On Thursday, 3 May 2018 16:37:53 UTC-5, Lisandro wrote:
>
> I came back to reply this particular message, because the problem happened 
> again yesterday.
>
> Just in order to remember, the problem was with redis_cache.py failing to 
> write some specific key name.
> Not *__lock object was found in the cache during the incident.
> Connecting manually to redis-cli would show that the key isn't present and 
> can be written and read.
> But from the web2py application (using the redis_cache.py adapter), the 
> application hangs with that specific key.
> The only solution is to change the key name. Weird. 
>
>
> Yesterday, our Redis server crashed (it reported out of memory, but the 
> server had plenty of RAM available, this was due to an issue with memory 
> fragmentation).
> Anyway, after that crash, I did a flushall and restarted Redis server. 
> Everything started to work ok for almost the total 260 websites we run 
> with web2py, but 4 of them kept hanging. 
> All the requests to those websites were hanging. I put some log sentences, 
> and I found out that it was the same problem, this time with another random 
> key name. 
>
> The solution was, again, to de-compile the apps, manually edit the source 
> code and change the key name. But of course, this is not a solution.

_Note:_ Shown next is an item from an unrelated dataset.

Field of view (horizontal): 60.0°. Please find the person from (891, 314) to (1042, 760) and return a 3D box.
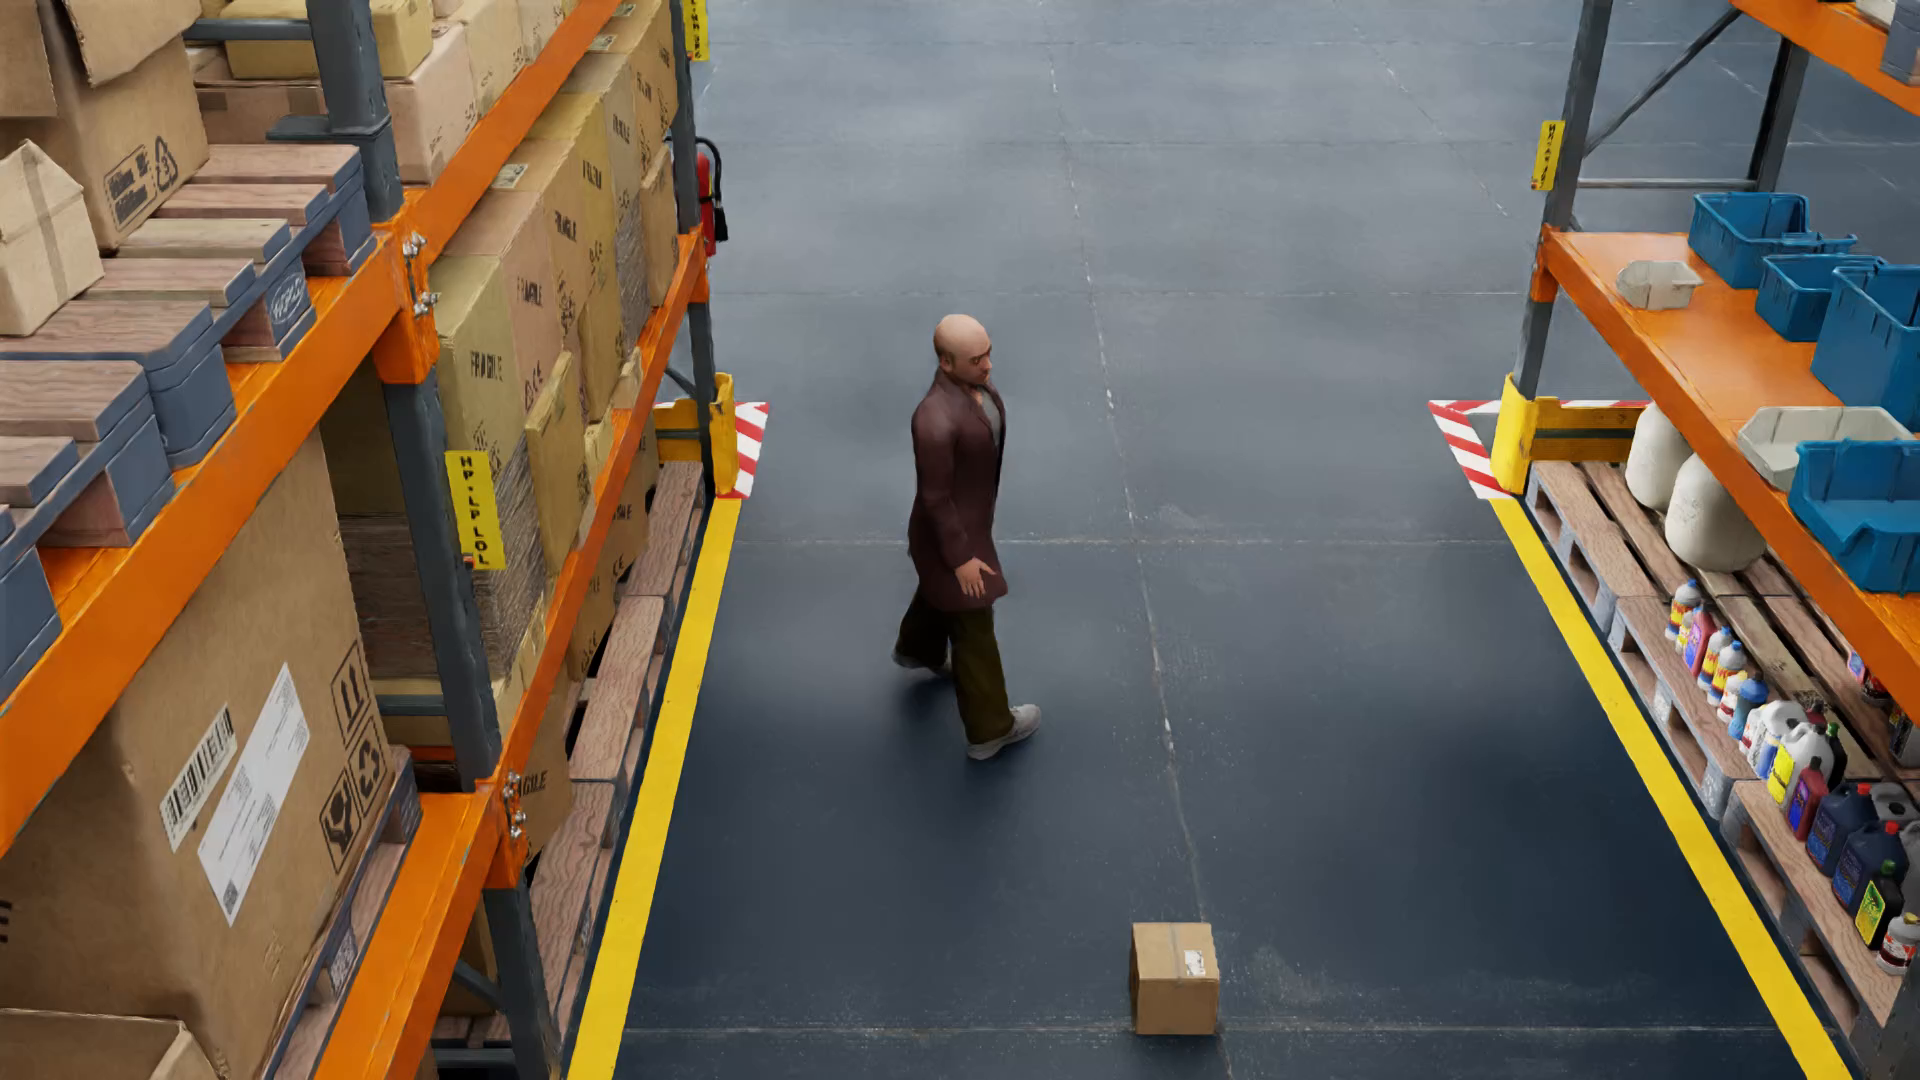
[{"bbox_3d":[0.002,-0.059,6.262,0.674,1.777,0.664,5,31,8],"label":"person"}]

> Again, this time there was no *__lock key in the cache, and I could 
> succesfully use redis-cli to write and read the key name. 
>
> I don't have a proper solution yet. 
> redis-cli flushall doesn't help.
>
>
> I'm using an old web2py version (Version 
> 2.10.3-stable+timestamp.2015.04.02.21.42.07).

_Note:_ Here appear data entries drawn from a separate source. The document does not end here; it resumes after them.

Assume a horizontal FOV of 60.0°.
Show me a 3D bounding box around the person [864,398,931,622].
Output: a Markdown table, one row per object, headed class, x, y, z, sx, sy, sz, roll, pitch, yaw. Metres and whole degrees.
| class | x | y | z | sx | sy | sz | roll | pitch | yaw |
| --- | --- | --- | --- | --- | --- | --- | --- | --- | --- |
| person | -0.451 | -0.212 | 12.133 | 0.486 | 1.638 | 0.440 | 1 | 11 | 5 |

> I already have plans to upgrade. 
> But before, could I manually update only gluon/contrib/redis_*.py files?
> In your opinion, does that test worthwhile? Does it make any sense?
>
>
>
> El viernes, 20 de abril de 2018, 8:28:28 (UTC-3), Lisandro escribió:
>>
>> Sorry to bother you again with this, but I think I've found the problem.
>> *The problem is apparently with Redis integration. *It had nothing to do 
>> with connections, database, sessions, none of that. Here is what I've found.
>>
>> Remember, the line where my app hangs is this:
>>
>> *session.important_messages = cache.redis('important-messages-%s' % 
>> auth.user.id <http://auth.user.id/>,*
>> *                                          lambda: 
>> get_important_messages(), *
>> *                                         time_expire=180)*
>>
>>
>> As the problem only presented in production, on the website of my 
>> customer, I asked him to allow me to play a little with the code. 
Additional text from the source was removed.